DOJ launches forfeiture action to recover $2.3m in Bitcoin tied to Chaos Ransomware group

The U.S. Department of Justice has launched a forfeiture action to recover nearly $2.3 million worth of Bitcoin tied to a new ransomware group dubbed Chaos.

Chaos is a recently identified ransomware-as-a-service operation. First spotted in early 2025 by researchers at Cybersecurity firm Cisco Talos, the group is known for targeting victims across multiple platforms—including Windows, Linux, ESXi, and NAS systems—and extorting payments by encrypting files and threatening to leak sensitive data.

According to the official press release, the United States Attorney’s Office for the Northern District of Texas filed a civil complaint last Thursday, July 24, seeking the forfeiture of 20.2891382 Bitcoin. 

The cryptocurrency, worth over $2.3 million at the time of filing, was seized by the FBI’s Dallas division on April 15, 2025. It was traced to a wallet allegedly associated with a Chaos group member known only by the alias “Hors.”

What does the DOJ allege?

Federal prosecutors claim the seized Bitcoin constitutes property involved in unlawful activity, or proceeds derived from offenses including money laundering and extortion related to attacks on protected computers—more commonly known as ransomware attacks. 

They allege that Hors targeted victims in the Northern District of Texas and other jurisdictions, and pressured victims into paying by encrypting sensitive data on the victim’s devices and demanding cryptocurrency payments in return for restoring access and withholding leaks.

Authorities reportedly used a recovery seed phrase associated with Electrum, an older Bitcoin wallet platform, to access the seized funds. However, the exact technical details were not disclosed in the public filing.

According to court documents, federal agents were able to access the wallet and subsequently move the funds to a government-controlled address. The DOJ has also refrained from detailing the evidence linking the Bitcoin to Hors.

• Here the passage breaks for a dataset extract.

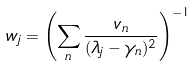<formula> <loc_0><loc_0><loc_500><loc_500>w _ { j } = \left ( \sum _ { n } \frac { v _ { n } } { ( \lambda _ { j } - \gamma _ { n } ) ^ { 2 } } \right ) ^ { - 1 }</formula> 
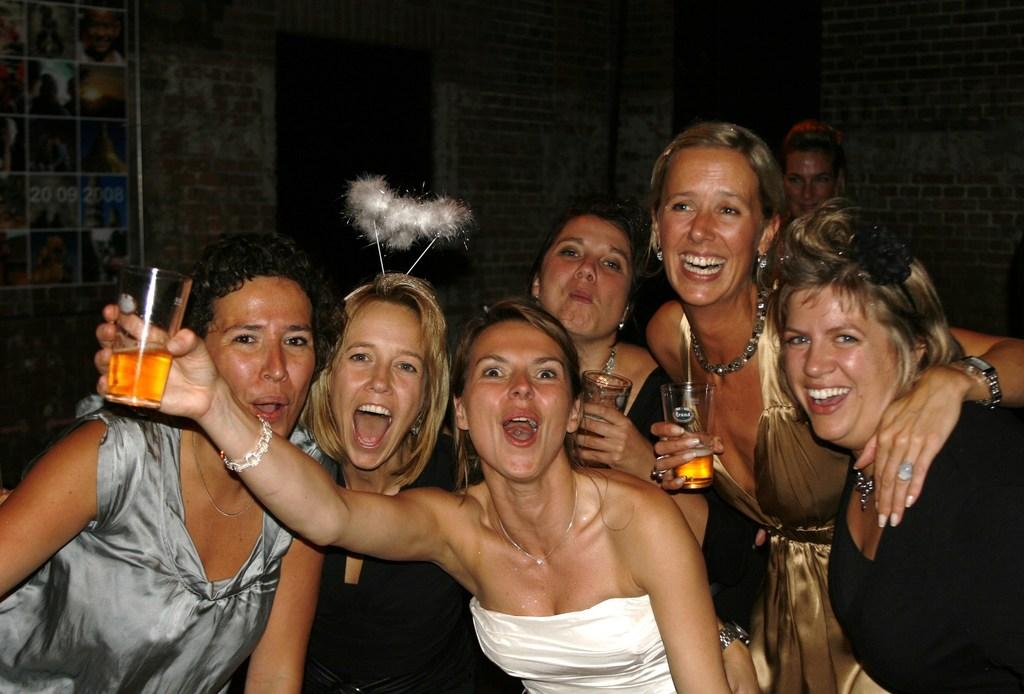What are the ladies in the image doing? The ladies are standing in the image and holding glasses. What can be seen in the background of the image? There is a wall in the background of the image. Is there anything placed on the wall in the background? Yes, there is a poster placed on the wall in the background. What type of system is being discussed in the meeting in the image? There is no meeting present in the image, so it is not possible to determine what type of system might be discussed. Can you tell me how many cherries are on the poster in the image? There are no cherries present in the image, as the poster features something else.

When the cryptocurrency was seized in April, it was worth around $1.7 million but had appreciated to over $2.4 million by the time the complaint was filed.

What is the Chaos ransomware group?

According to Cisco Talos, Chaos is structured as a ransomware-as-a-service (RaaS) network.

This model allows other criminals to purchase or lease access to ransomware tools developed by the group in exchange for a share of the ransom profits. The software is marketed as cross-platform and can be used to destroy backups and exfiltrate sensitive information.

While Chaos shares its name with an existing ransomware builder, researchers believe the two are unrelated. Instead, the group appears to be deliberately taking advantage of the name to complicate attribution and mask the identities of its operators. 

Chaos is believed to be active since at least February 2025, and is known to target both individuals and businesses. 

Authorities have not revealed the total number of attacks carried out by the group, nor the cumulative ransom demands involved. However, Hors is believed to be one of several active members using the Chaos platform.

DOJ’s recovery efforts

Over the past months, the Department of Justice has been working closely with law enforcement agencies and blockchain firms to recover millions in stolen or laundered cryptocurrency.

Earlier this month, the DOJ credited stablecoin issuer Tether with helping recover $40,300 in USDT tied to a scam impersonating the Trump-Vance Inaugural Committee. Similarly, in June, the department filed a civil complaint to seize over $225 million in Tether (USDT) tied to a major pig butchering scam.

One of the largest cases to date remains the DOJ’s recovery of over $9 billion in Bitcoin from the 2016 Bitfinex hack. The assets, once considered lost, were traced and seized following years of investigation.

In a court filing earlier this year, the DOJ confirmed that the majority of the recovered funds would be returned to the exchange itself.